The lake’s increasing salinity is also disrupting another resident: the south arm’s population of native brine shrimp. The Great Salt Lake produces 40 to 50 percent of the world’s brine shrimp, a critical component of the global aquaculture industry. Their eggs are a major food source for much of the world’s farmed fish and shrimp. While brine shrimp typically thrive in saline waters, too much salt (salinity levels of 160 grams/ liter, or more than 16 percent salinity) can stress them out and prevent them from growing and reproducing properly.

Aerial view of a vast barren landscape meeting the edges of a receding blue lake. Distant mountains are visible on the horizon.
According to some estimates, the Great Salt Lake could dry out by the end of the decade unless immediate action is taken to preserve it.
Bryan Tarnowski, The New York Times/Redux

To avoid this environmental catastrophe, a patchwork of agencies and organizations across the state are working to help Utah residents manage their water use, which relies heavily on the rivers that feed the lake. Utah Water Savers offers rebates for low-flow appliances and encourages residents to swap out water-hungry lawns for drought tolerant plants, such as yarrow, Utah agave, and Rocky Mountain Juniper. The Utah Department of Agriculture and Food’s water optimization program is helping farmers transition from thirsty crops like alfalfa to sorghum or millet. And a new $815-million water reclamation facility will return millions of gallons of treated wastewater a day to Farmington Bay, an arm of Great Salt Lake, when it opens in the summer of 2026.
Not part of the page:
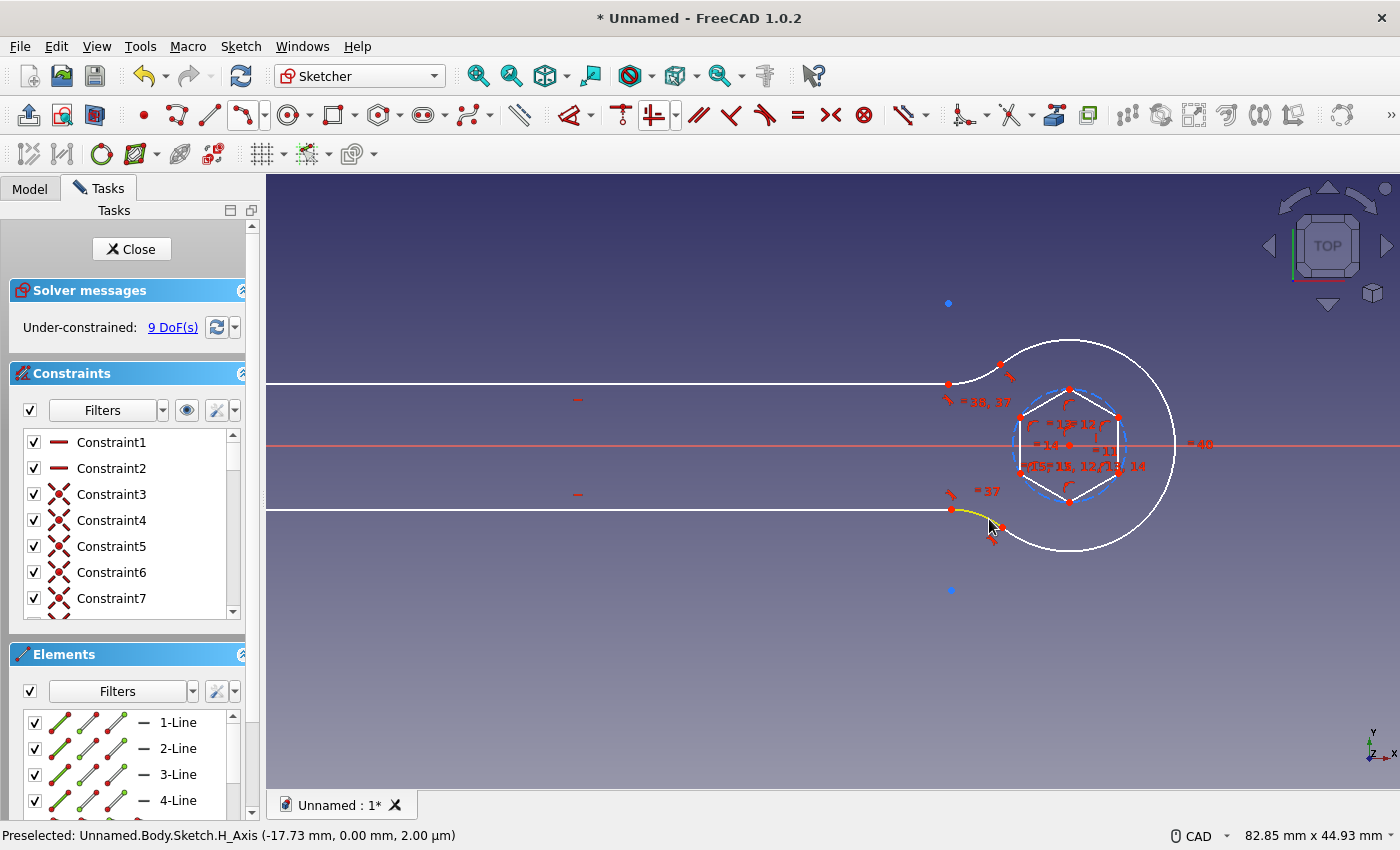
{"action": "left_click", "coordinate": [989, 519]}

And with the possibility of $1 billion in federal aid flowing to Utah to salvage the lake, state officials have begun proposing a slew of ambitious plans to restore the Great Salt Lake—including developing a network of pipelines that could funnel water from wetter regions of the U.S., such as the Great Lakes or the Mississippi River Valley, and constructing desalination plants in California to similarly pipe water to the lake. 

But both Brooks and Baxter say these projects wouldn’t be completed in time to save the lake, which recent estimates suggest may dry out completely by the end of the decade if the region’s stroke of bad climate luck continues unabated. “We’ve really reached a tipping point,” Brooks says. “There’s no silver bullet. Everyone is going to have to contribute, and we’re going to have to think about water differently.”